EXERCISE DETAILS -
Exactly reproduce the line containing "Every object in" together with every line after it, through the end of the entries, and give nothing more.

○ ○ ○ ○ ○ ○ ○

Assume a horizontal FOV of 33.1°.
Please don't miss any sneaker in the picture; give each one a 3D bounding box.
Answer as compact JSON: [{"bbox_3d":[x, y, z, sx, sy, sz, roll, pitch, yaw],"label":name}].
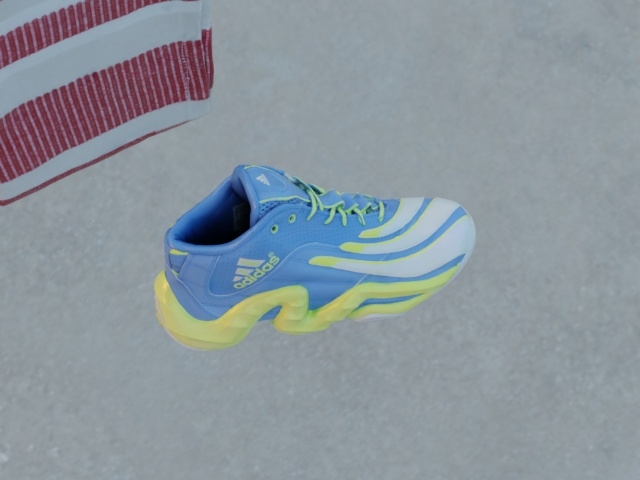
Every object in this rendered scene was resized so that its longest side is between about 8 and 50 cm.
[{"bbox_3d":[0.000,0.000,0.739,0.240,0.126,0.091,-19,53,-12],"label":"sneaker"}]

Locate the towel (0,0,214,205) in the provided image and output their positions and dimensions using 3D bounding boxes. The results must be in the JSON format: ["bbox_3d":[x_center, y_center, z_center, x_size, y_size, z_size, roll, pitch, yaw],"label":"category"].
[{"bbox_3d":[-0.192,-0.174,0.900,0.237,0.329,0.037,-28,62,-23],"label":"towel"}]

○ ○ ○ ○ ○ ○ ○

ANSWER TO THE PROBLEM -
Every object in this rendered scene was resized so that its longest side is between about 8 and 50 cm.
[{"bbox_3d":[0.000,0.000,0.739,0.240,0.126,0.091,-19,53,-12],"label":"sneaker"}]

Locate the towel (0,0,214,205) in the provided image and output their positions and dimensions using 3D bounding boxes. The results must be in the JSON format: ["bbox_3d":[x_center, y_center, z_center, x_size, y_size, z_size, roll, pitch, yaw],"label":"category"].
[{"bbox_3d":[-0.192,-0.174,0.900,0.237,0.329,0.037,-28,62,-23],"label":"towel"}]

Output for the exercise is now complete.